• **TRY IT**
Find the line containing "- cardboard box <box>546,0,589,20</box>" in the entries below. Restate it and each line after it, word for word, up to and including the line containing "- pallet <box>1689,0,1908,32</box>".
--- SUPPLIED DATA ---
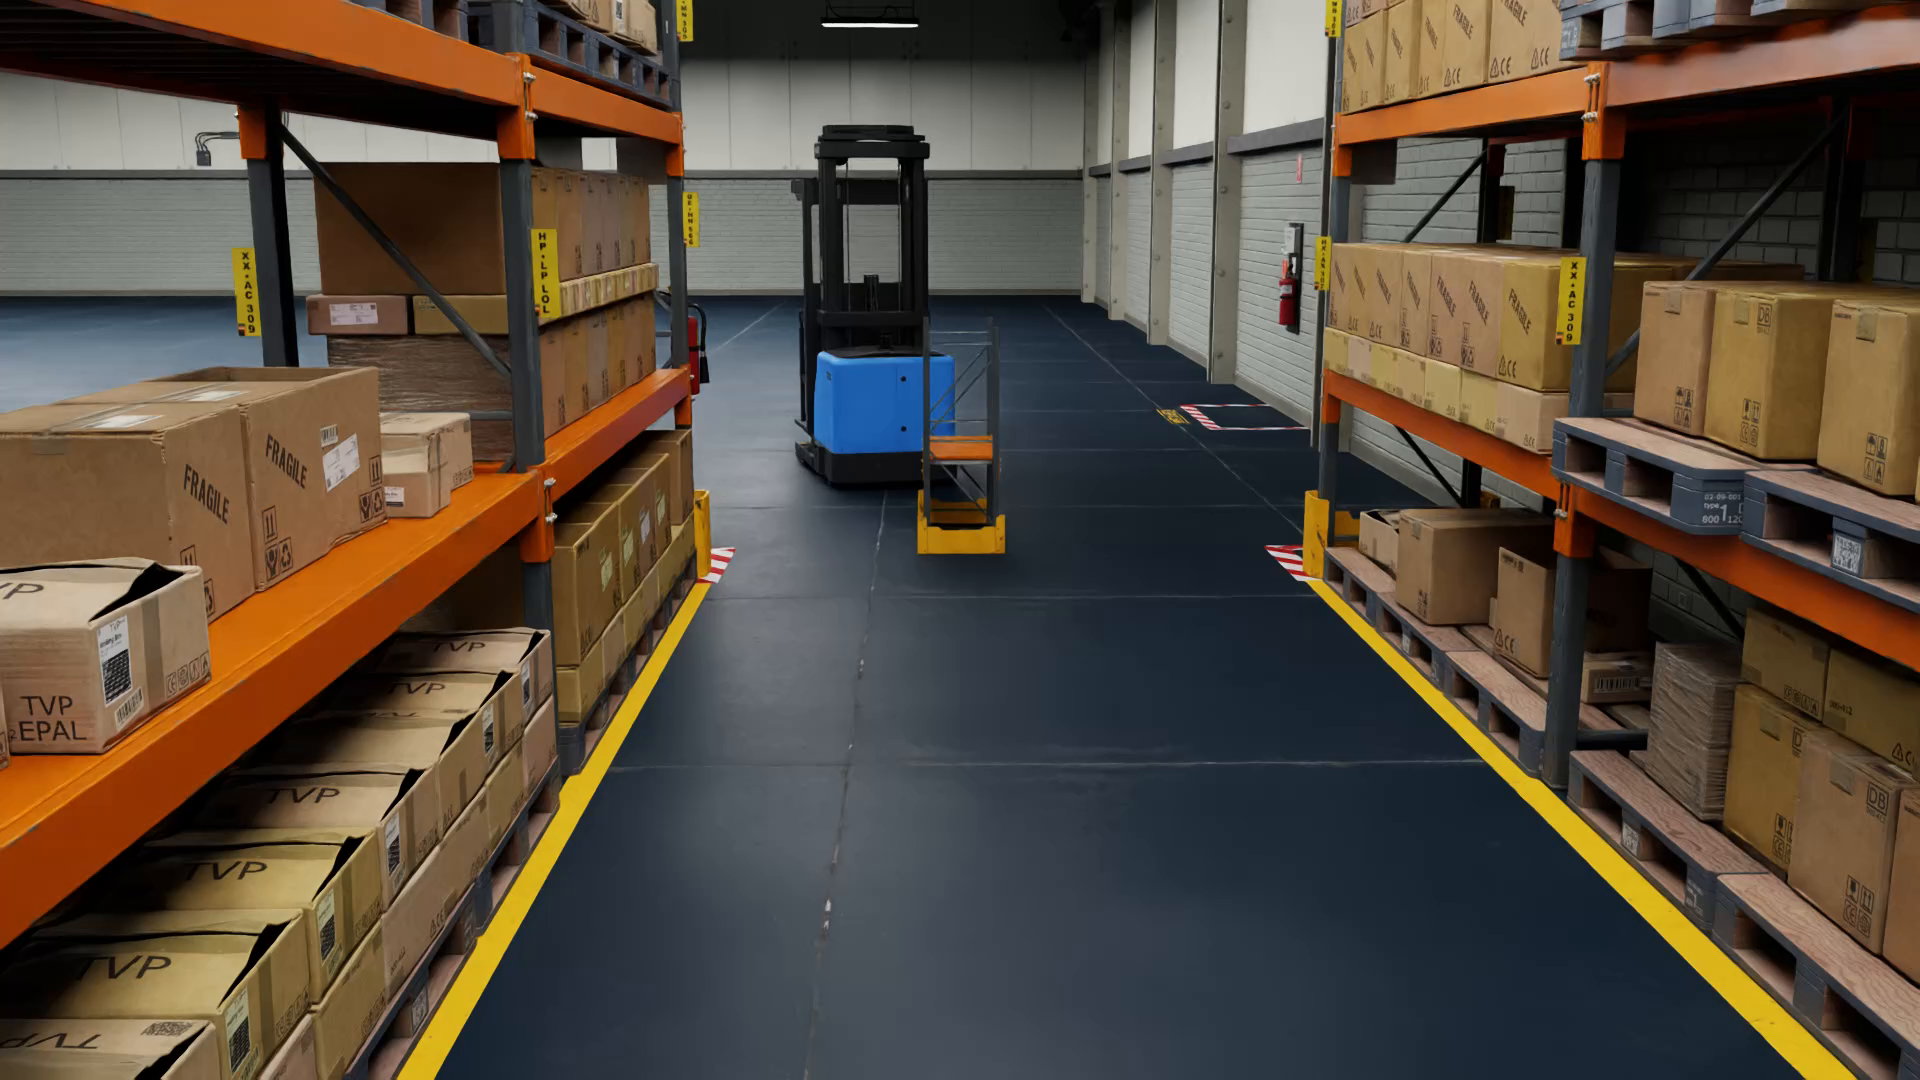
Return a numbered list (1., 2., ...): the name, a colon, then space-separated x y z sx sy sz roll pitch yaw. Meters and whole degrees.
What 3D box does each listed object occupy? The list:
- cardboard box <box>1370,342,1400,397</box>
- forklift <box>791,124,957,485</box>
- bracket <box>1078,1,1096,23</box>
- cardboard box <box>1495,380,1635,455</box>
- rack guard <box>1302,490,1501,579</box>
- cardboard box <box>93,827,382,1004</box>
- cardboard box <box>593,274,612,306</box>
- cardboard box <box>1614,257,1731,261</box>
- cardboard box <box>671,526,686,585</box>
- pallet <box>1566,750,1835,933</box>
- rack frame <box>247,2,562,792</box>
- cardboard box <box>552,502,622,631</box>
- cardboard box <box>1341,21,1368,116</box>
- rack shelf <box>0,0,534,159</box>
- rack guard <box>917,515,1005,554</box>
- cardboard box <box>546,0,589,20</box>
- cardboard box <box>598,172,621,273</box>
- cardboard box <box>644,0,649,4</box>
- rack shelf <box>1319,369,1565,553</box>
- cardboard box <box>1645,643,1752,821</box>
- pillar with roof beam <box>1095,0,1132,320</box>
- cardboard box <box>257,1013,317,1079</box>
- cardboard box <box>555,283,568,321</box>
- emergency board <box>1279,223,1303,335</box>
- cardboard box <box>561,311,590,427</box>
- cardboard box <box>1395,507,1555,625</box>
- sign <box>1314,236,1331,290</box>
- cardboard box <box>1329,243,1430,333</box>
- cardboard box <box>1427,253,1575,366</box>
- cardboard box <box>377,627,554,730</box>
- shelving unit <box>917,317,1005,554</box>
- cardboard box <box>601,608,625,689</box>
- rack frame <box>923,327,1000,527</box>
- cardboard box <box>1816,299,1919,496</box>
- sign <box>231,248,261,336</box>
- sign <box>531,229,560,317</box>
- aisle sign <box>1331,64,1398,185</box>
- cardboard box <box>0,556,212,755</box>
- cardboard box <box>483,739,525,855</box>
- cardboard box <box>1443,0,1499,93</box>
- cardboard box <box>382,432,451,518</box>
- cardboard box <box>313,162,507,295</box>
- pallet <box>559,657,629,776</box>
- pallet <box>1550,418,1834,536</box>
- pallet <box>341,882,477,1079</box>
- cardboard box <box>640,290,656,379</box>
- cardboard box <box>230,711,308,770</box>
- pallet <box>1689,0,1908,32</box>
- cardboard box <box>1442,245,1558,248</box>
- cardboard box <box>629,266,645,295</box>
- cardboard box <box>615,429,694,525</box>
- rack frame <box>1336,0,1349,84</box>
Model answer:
1. cardboard box: 2.499 -0.913 8.842 0.500 0.250 0.500 0 11 -2
2. forklift: -0.876 -2.137 14.721 1.130 2.935 3.031 -3 12 -14
3. bracket: 2.743 -11.215 35.156 0.076 0.066 4.783 0 11 -1
4. cardboard box: 2.546 -0.514 6.873 0.500 0.250 0.500 0 11 -1
5. rack guard: 2.778 -0.039 10.496 1.175 0.500 0.348 0 11 -1
6. cardboard box: -1.755 0.888 4.089 0.500 0.311 0.500 -1 11 -3
7. cardboard box: -1.943 -1.242 8.253 0.380 0.149 0.250 0 11 -2
8. cardboard box: 3.051 -0.985 7.313 0.500 0.500 0.500 0 11 -1
9. cardboard box: -1.847 0.088 9.440 0.500 0.250 0.500 0 11 -1
10. pallet: 2.877 1.037 5.917 1.003 0.211 1.213 0 11 -1
11. rack frame: -2.093 -0.463 6.299 1.000 3.000 0.127 0 11 -1
12. cardboard box: -1.808 0.118 7.406 0.500 0.500 0.500 0 11 -1
13. cardboard box: 2.534 -2.741 9.679 0.500 0.500 0.500 0 11 0
14. rack shelf: -2.052 -1.183 4.112 1.077 0.370 4.000 0 11 -1
15. rack guard: 0.009 -0.039 11.121 0.587 0.250 0.087 0 11 -1
16. cardboard box: -1.851 -2.373 6.981 0.500 0.311 0.500 -1 12 -4
17. cardboard box: -2.150 -1.635 8.560 0.700 0.500 0.500 0 11 -1
18. cardboard box: -2.168 -2.939 9.291 0.797 0.503 0.637 1 11 3
19. rack shelf: 2.818 -0.529 8.434 1.077 0.370 4.000 0 11 -1
20. cardboard box: 2.891 0.671 5.886 0.700 0.500 0.500 0 11 1
21. pillar with roof beam: -1.144 -8.837 32.486 9.100 9.000 0.548 0 11 -1
22. cardboard box: -1.739 1.268 3.623 0.500 0.250 0.500 -1 11 -3
23. cardboard box: -1.924 -1.038 7.247 0.380 0.149 0.250 0 11 -2
24. emergency board: 3.519 -2.828 17.955 0.194 1.169 0.643 0 11 -1
25. cardboard box: -2.133 -0.805 7.732 0.700 0.500 0.500 0 11 0
26. cardboard box: 2.678 0.127 8.569 0.700 0.500 0.500 -1 12 -5
27. sign: 2.234 -1.702 10.225 0.100 0.325 0.005 0 11 -1
28. cardboard box: 2.486 -1.487 9.786 0.500 0.500 0.500 0 11 -1
29. cardboard box: 2.525 -1.080 7.780 0.500 0.500 0.500 -1 11 -3
30. cardboard box: -1.798 0.483 6.083 0.500 0.311 0.500 0 11 -1
31. shelving unit: -0.002 -0.750 11.485 0.587 1.500 1.083 0 11 -1
32. cardboard box: -1.805 0.486 7.481 0.500 0.250 0.500 0 11 -1
33. rack frame: 0.009 -0.651 10.995 0.500 1.500 0.032 0 11 -1
34. cardboard box: 2.885 -0.406 4.657 0.700 0.500 0.500 1 12 7
35. sign: -2.648 -0.924 6.192 0.100 0.325 0.005 0 11 -1
36. sign: -1.551 -0.996 6.212 0.100 0.325 0.005 0 11 -1
37. aisle sign: 2.475 -2.567 10.128 0.394 0.787 0.004 0 11 -1
38. cardboard box: -1.835 0.197 3.268 0.500 0.311 0.500 0 11 -2
39. cardboard box: -1.786 0.860 5.634 0.500 0.250 0.500 0 11 -2
40. cardboard box: 2.555 -2.323 7.620 0.500 0.500 0.500 -1 11 -3
41. cardboard box: -1.892 -0.223 5.454 0.396 0.266 0.258 -1 11 -3
42. cardboard box: -2.109 -1.236 6.594 0.700 0.500 0.500 0 11 -1
43. pallet: -2.068 0.745 7.356 1.003 0.211 1.213 0 11 -1
44. pallet: 2.730 -0.238 5.670 1.003 0.211 1.213 0 11 -1
45. pallet: -2.011 1.293 4.656 1.003 0.211 1.213 0 11 -1
46. cardboard box: -2.179 -1.215 9.750 0.700 0.500 0.500 0 11 -1
47. cardboard box: -2.317 0.689 5.067 0.500 0.311 0.500 -1 11 -3
48. pallet: 2.790 -1.533 4.500 1.213 0.211 1.003 0 11 -1
49. cardboard box: 2.999 -1.390 9.309 0.500 0.500 0.500 0 11 0
50. cardboard box: -1.965 -1.447 9.266 0.380 0.149 0.250 0 11 -2
51. cardboard box: -1.867 -0.379 9.856 0.500 0.500 0.500 0 11 -1
52. rack frame: 2.777 -4.220 9.725 1.000 3.000 0.127 0 11 -1
---
• **WRITTEN RESPONSE**
- cardboard box <box>546,0,589,20</box>
- cardboard box <box>598,172,621,273</box>
- cardboard box <box>644,0,649,4</box>
- rack shelf <box>1319,369,1565,553</box>
- cardboard box <box>1645,643,1752,821</box>
- pillar with roof beam <box>1095,0,1132,320</box>
- cardboard box <box>257,1013,317,1079</box>
- cardboard box <box>555,283,568,321</box>
- emergency board <box>1279,223,1303,335</box>
- cardboard box <box>561,311,590,427</box>
- cardboard box <box>1395,507,1555,625</box>
- sign <box>1314,236,1331,290</box>
- cardboard box <box>1329,243,1430,333</box>
- cardboard box <box>1427,253,1575,366</box>
- cardboard box <box>377,627,554,730</box>
- shelving unit <box>917,317,1005,554</box>
- cardboard box <box>601,608,625,689</box>
- rack frame <box>923,327,1000,527</box>
- cardboard box <box>1816,299,1919,496</box>
- sign <box>231,248,261,336</box>
- sign <box>531,229,560,317</box>
- aisle sign <box>1331,64,1398,185</box>
- cardboard box <box>0,556,212,755</box>
- cardboard box <box>483,739,525,855</box>
- cardboard box <box>1443,0,1499,93</box>
- cardboard box <box>382,432,451,518</box>
- cardboard box <box>313,162,507,295</box>
- pallet <box>559,657,629,776</box>
- pallet <box>1550,418,1834,536</box>
- pallet <box>341,882,477,1079</box>
- cardboard box <box>640,290,656,379</box>
- cardboard box <box>230,711,308,770</box>
- pallet <box>1689,0,1908,32</box>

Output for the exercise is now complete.